Music review: BBC SSO & Denis Kozhukhin, City Halls, Glasgow

There are times when Glasgow's City Halls feels simply too intimate and cosy for the enormous ambitions and sheer scale of the BBC Scottish Symphony Orchestra's performances. This monumental concert under Russian conductor Alexander Vedernikov was a case in point: two mammoth Russian works, shatteringly loud at times '“ but raw volume wasn't really the issue. Rather, it was the music's visionary power and visceral impact that made the evening feel so overwhelming, especially in City Halls' space.
Denis KozhukhinDenis Kozhukhin
Denis Kozhukhin

BBC SSO & Denis Kozhukhin, City Halls, Glasgow ****

Pianist Denis Kozhukhin has been a regular and much-admired visitor to the BBC SSO, and his account of Tchaikovsky’s well-loved First Piano Concerto was big-boned, urgent, sometimes rather breathless, but so mighty as to sweep aside any concerns.

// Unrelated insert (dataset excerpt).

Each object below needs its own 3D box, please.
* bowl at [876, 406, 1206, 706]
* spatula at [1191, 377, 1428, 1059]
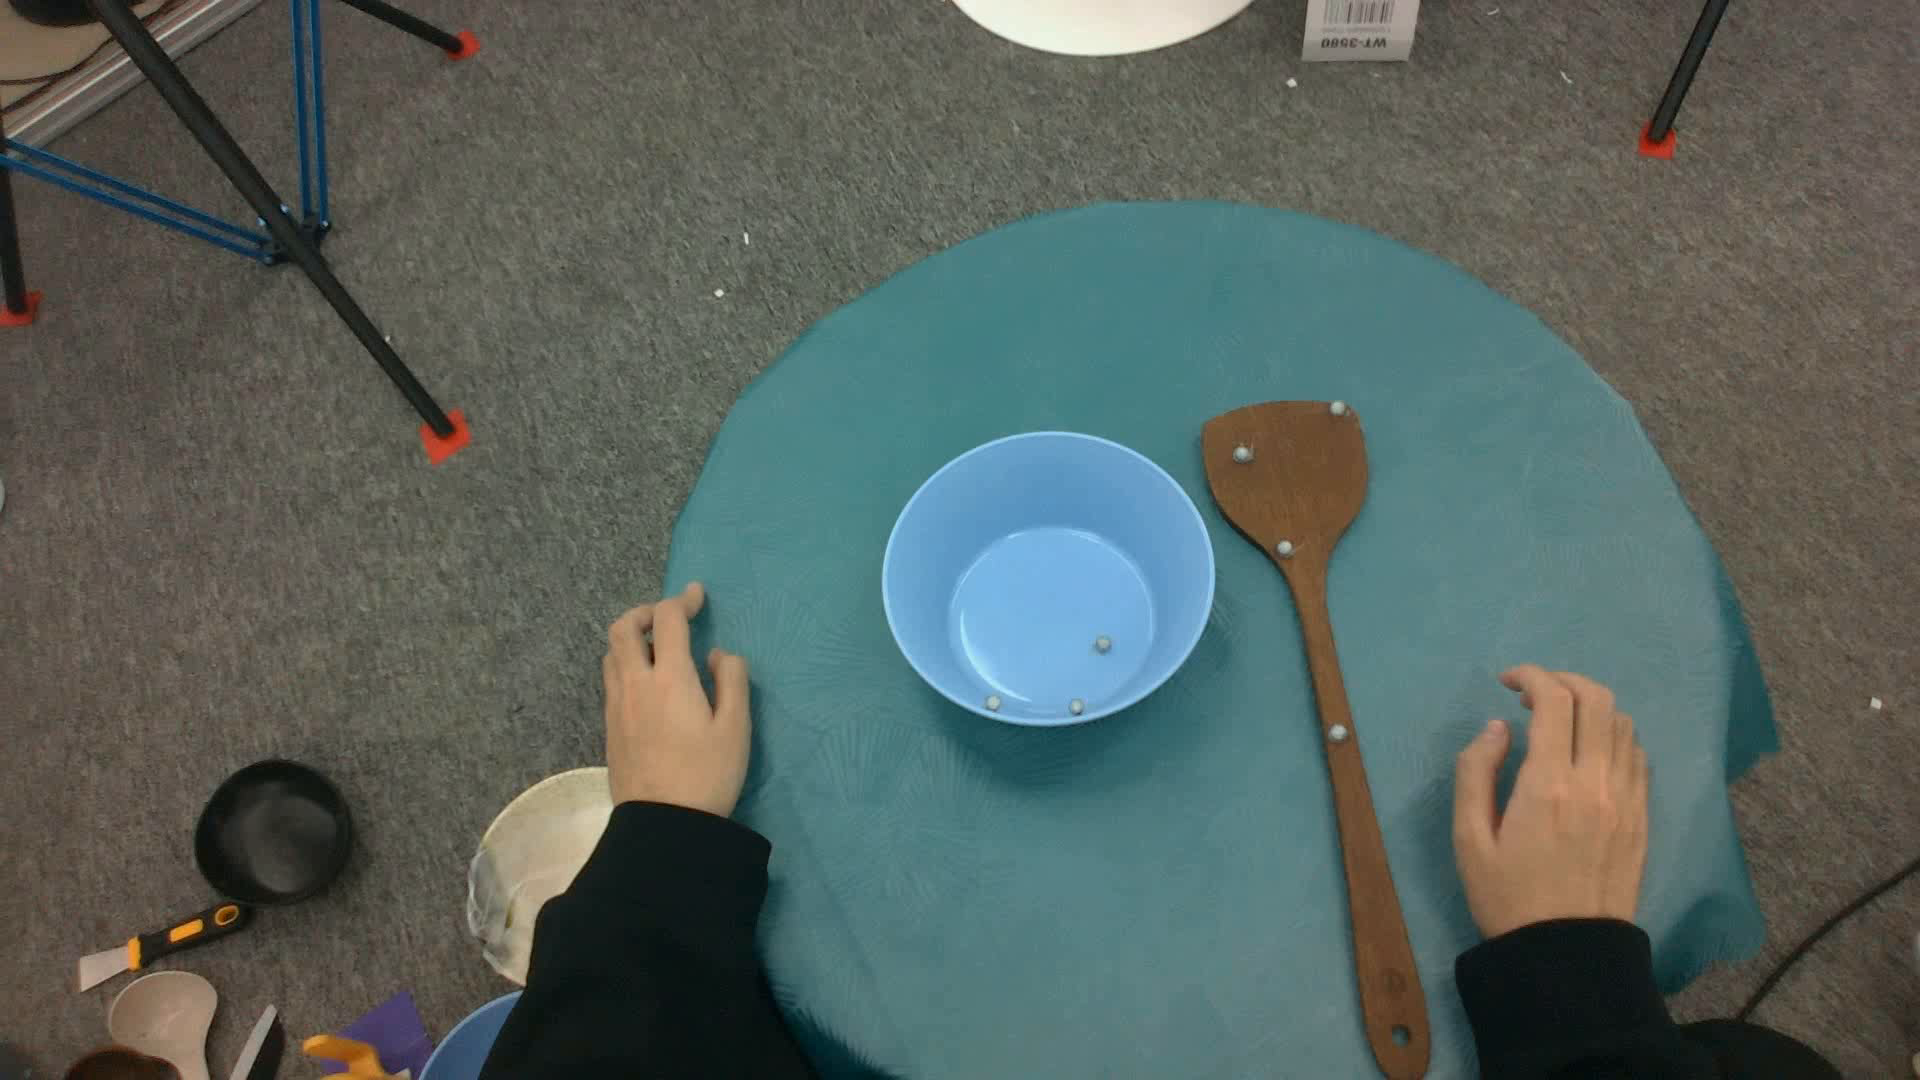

He tackled the work’s relentless virtuosity with what felt like elegant choreography, and a fair bit of rhythmic freedom too. But there was a steely determination to his playing, matched brilliantly in the Orchestra’s forthright, sharply defined playing.

The SSO players were on remarkably focused form – as well as maintaining an astonshing sustained intensity – in Shostakovich’s Symphony No. 11, an enigmatic musical depiction of the failed 1905 Russian uprising, unapologetically serious-minded in Vedernikov’s powerful account.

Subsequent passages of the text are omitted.